Penyalurannya kurang, lokasinya jauh

Difabel rungu, Lusi saat fokus bekarya di Rumah Batik Wistara. IDN Times/Ardiansyah Fajar

Teguh mengakui, memang ada upaya dari Dinas Sosial untuk menyalurkan para difabel usai lulus pelatihan. Namun, kadang penempatannya jauh dari lokasi tempat tinggal para difabel. Hal itu ia alami sendiri. Tinggal di Cilacap, ikut pelatihan di Solo, namun mendapatkan tempat kerja di Surabaya, Jawa Timur.

"Kalau untuk saya (jauh) gak masalah karena bisa jalan, naik bus atau kereta. Tapi yang kursi roda, lumpuh kakinya mungkin kesulitan," ujarnya.

Ia sempat dilarang keluarganya saat akan bekerja di Surabaya. "Dulu sempat aku awal orangtua bilang kalau gak boleh pergi-pergi. Disuruh di rumah saja. Makan dikasih gak usah kerja, makan tidur saja. Tapi aku gak mau, sebagai difabel apa ya cuma menggantungkan begitu," kenangnya.

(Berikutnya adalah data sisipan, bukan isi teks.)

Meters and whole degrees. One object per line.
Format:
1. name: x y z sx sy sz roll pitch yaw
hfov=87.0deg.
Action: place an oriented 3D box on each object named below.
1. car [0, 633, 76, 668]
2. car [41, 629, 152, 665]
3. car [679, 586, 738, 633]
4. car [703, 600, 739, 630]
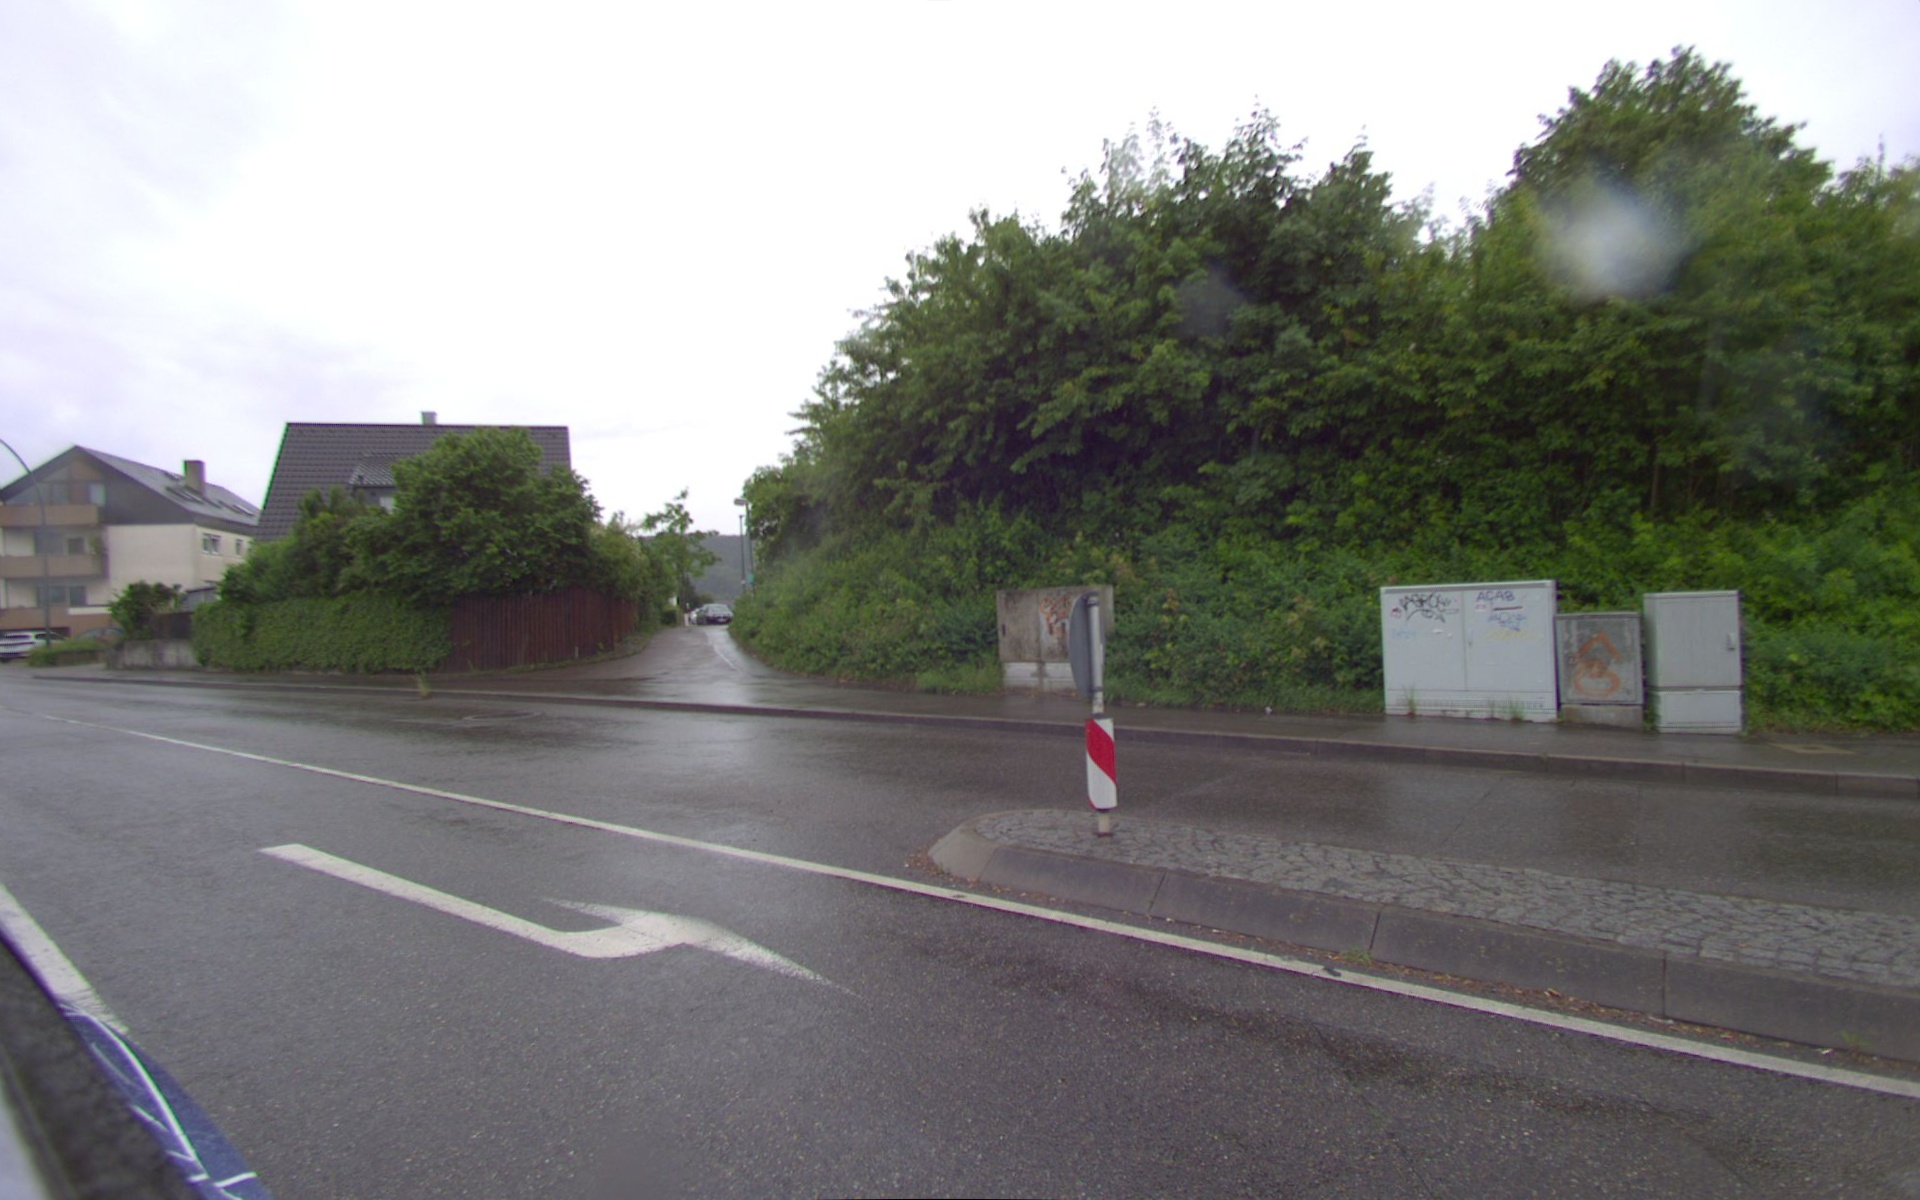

Ternyata keputusan teguh untuk merantau sedikit mengurangi beban keluarga. Terlebih ketika kabar duka tersiar dari kampung halamannya, sewaktu ibunya meninggal dunia pada tahun ketiga. "Jadi keputusan aku untuk pergi sudah tepat, kalau aku menggantungkan ke ibu terus, saat ibu meninggal pasti aku bingung. Kalau begini sudah ada antisipasinya," kata dia.

Minimnya penyaluran tenaga kerja bagi difabel rupanya juga pernah dirasakan istri Teguh, Amillus Sholikha (28). Ia harus mencari tempat magang terlebih dahulu agar bisa mendapatkan pekerjaaan. Waktu itu, perempuan yang akrab disapa Lusi ini memilih magang di Rumah Batik Wistara, karena memang sang pemilik usaha membuka program tersebut.

"Saya pelatihan 2,5 tahun di Bangil (UPT Rehabilitasi Rungu Wicara Pasuruan). Kemudian magang di sini (Rumah Batik Wistara). Karena cocok, lanjut kerja," ujarnya.

Rumah Batik Wistara, kata Lusi, menjadi tempat kerja pertamanya. Setahun bekerja, ia memutuskan resign karena diajak temannya bekerja di pabrik sepatu. Namun, Lusi tak bertahan lama di pabrik sepatu itu. Ia lantas kembali kerja lagi di Wistara sampai akhirnya bertemu dengan Teguh dan memutuskan menikah dengannya.

Usai menikah, keduanya pamit untuk membuka usaha mukena di Sidoarjo. Namun, bisnis mereka tak berjalan lama. Pandemik membuat usaha mereka merana. "Akhirnya kami kembali kerja di Wisatara (awal 2021)," ucap Lusi.